Listed records section start

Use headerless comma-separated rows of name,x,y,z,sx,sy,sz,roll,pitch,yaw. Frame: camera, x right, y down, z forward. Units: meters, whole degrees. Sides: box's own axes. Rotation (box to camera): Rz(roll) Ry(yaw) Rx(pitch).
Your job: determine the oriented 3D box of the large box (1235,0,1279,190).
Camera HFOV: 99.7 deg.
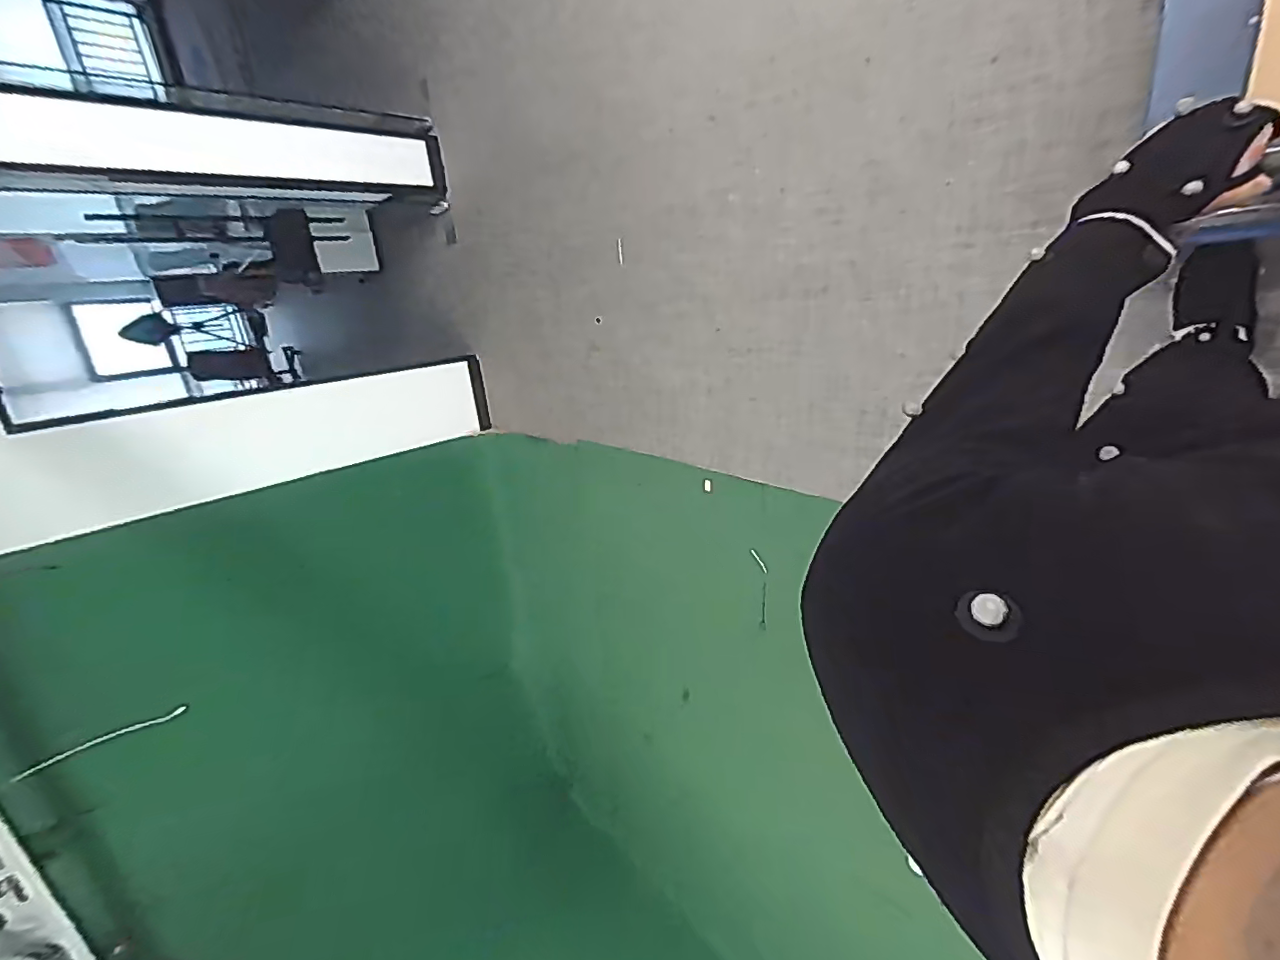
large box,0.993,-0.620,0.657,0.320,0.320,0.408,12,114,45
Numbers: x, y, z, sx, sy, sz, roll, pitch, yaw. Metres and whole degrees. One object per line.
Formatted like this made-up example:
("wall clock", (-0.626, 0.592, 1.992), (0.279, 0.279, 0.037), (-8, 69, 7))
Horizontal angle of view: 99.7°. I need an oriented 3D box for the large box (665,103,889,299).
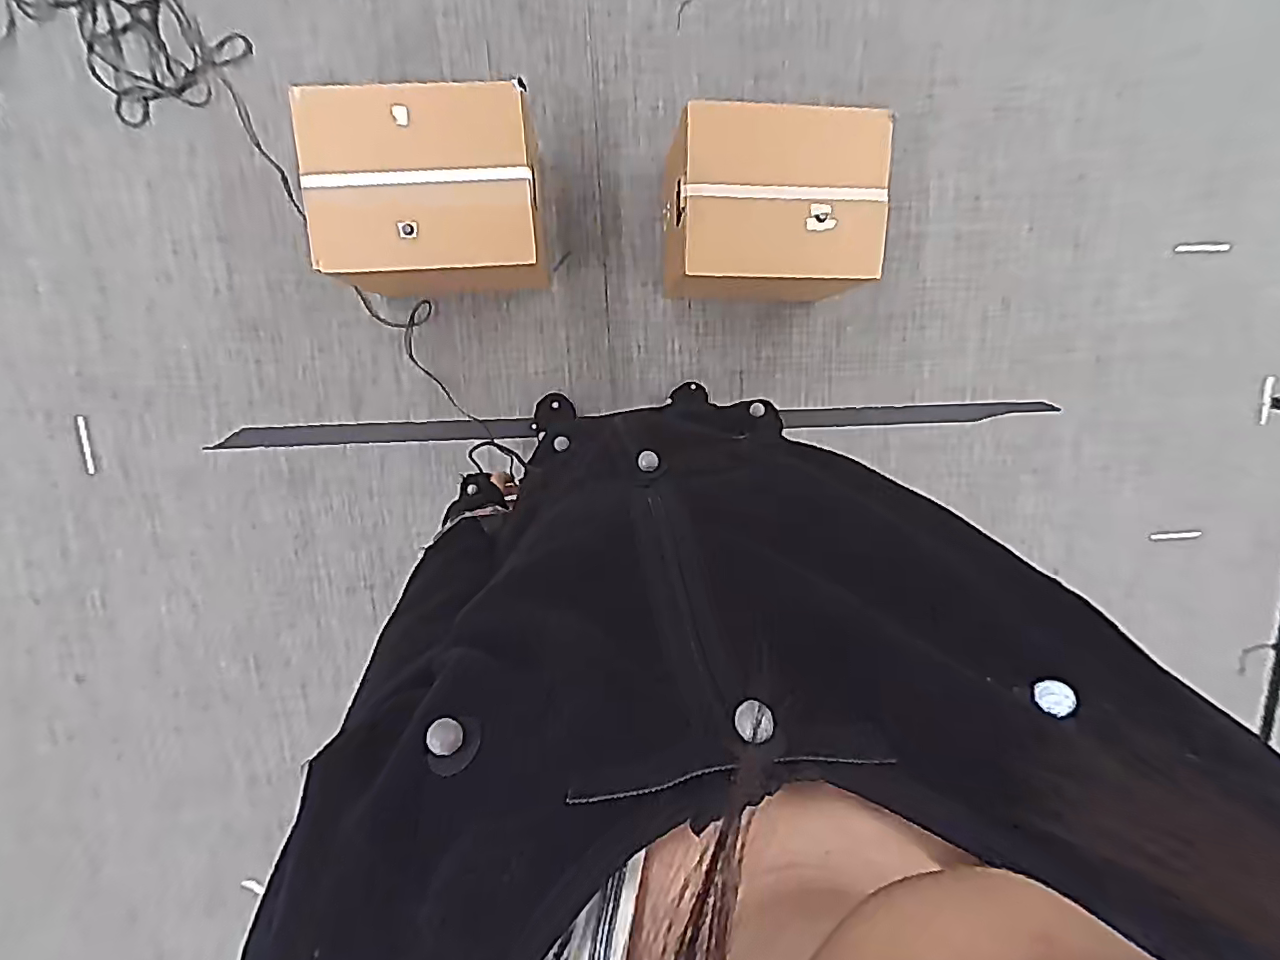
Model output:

Listed records section end

- [Work instructions]: Reproduce the span beginning at the line with "Formatted like this" and ending at the last line of the entries above, inclusive, exactly as it stands. Exclude the pictures.

- [Problem solution]:
Formatted like this made-up example:
("wall clock", (-0.626, 0.592, 1.992), (0.279, 0.279, 0.037), (-8, 69, 7))
Horizontal angle of view: 99.7°. I need an oriented 3D box for the large box (665,103,889,299).
Model output:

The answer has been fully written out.